Distrust, Despair and Resistance to Care: Hospital Staff Reports on the prevalence of Elderspeak and their evaluation of an In-service aimed at reducing Elderspeak

Ms Elizabeth Savina1

1Redcliffe Hospital, Metro-North Hospital and Health Service , Redcliffe, Australia

Elderspeak is recognised as a common, but potentially harmful, communication style in aged care and other domains of society. It has been observed in up to 57% of interactions in aged care [1]. Elderspeak can lead to distrust and to older adults withdrawing from the therapeutic relationship. Elderspeak has also been seen to significantly increase the likelihood of Resistance-to-Care behaviours. No studies have looked at the prevalence of Elderspeak in the hospital setting, or at education programmes aimed at hospital staff.

A survey of Queensland Health’s internal resources revealed no in-services focussing specifically on Elderspeak. Additionally, a search for published educational materials on the internet indicated very limited resources. A 20 minute in-service was developed from a review of literature. It was piloted with 20 nursing staff with a special interest in caring for older adults. It covered the nature and underlying causes of Elderspeak as well as practical ways to consciously control the voice to ensure a respectful communication style. The feedback indicated the in-service was highly valued in terms of its relevance and the practical skills developed.
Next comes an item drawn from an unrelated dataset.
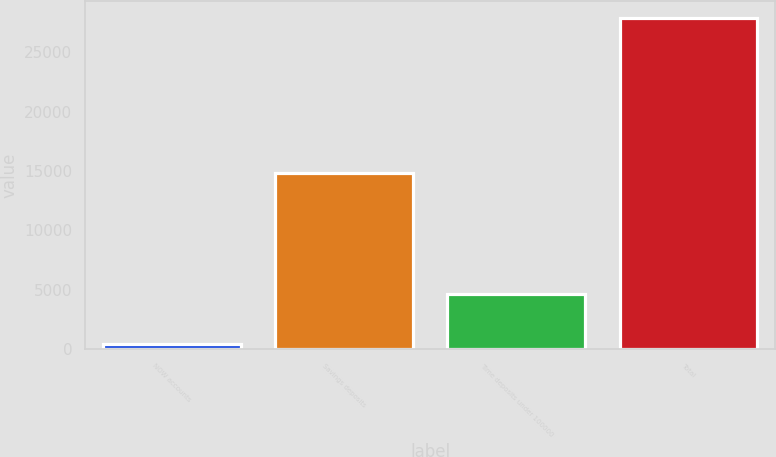Convert chart. <chart><loc_0><loc_0><loc_500><loc_500><bar_chart><fcel>NOW accounts<fcel>Savings deposits<fcel>Time deposits under 100000<fcel>Total<nl><fcel>400<fcel>14827<fcel>4624<fcel>27901<nl></chart>

The next phase will see the in-service workshopped with a group of health consumers to ensure that the training is driven by their perspectives. The in-service will be then be delivered to 60 nursing staff. Staff will be asked to rate their frequency of use of features of Elderspeak (Sing-song Voice, High Pitch, Use of Pet Names), how often they perceive their colleagues using them and what patient characteristics are most likely to elicit Elderspeak (e.g. age/frailty/cognitive impairment). They will be asked to rate their confidence in reducing their use of Elderspeak. They will also be asked to rate the significance of any barriers to reducing Elderspeak (e.g. time pressure, cognitive load).


[1] Bradford, L.S., End, C., & Xavier A.L. Impact of an elderspeak in-service training on resident well-being, self-esteem and communication satisfaction. Graduate Student Journal of Psychology 2010. Vol. 12 P. 14-22


Elizabeth Savina has practised as a Speech Pathologist for over 18 years, with the last 10 years focussing on Acute care and Voice Therapy. She has a strong interest in how the quality of the communication between health professionals and consumers influences care outcomes.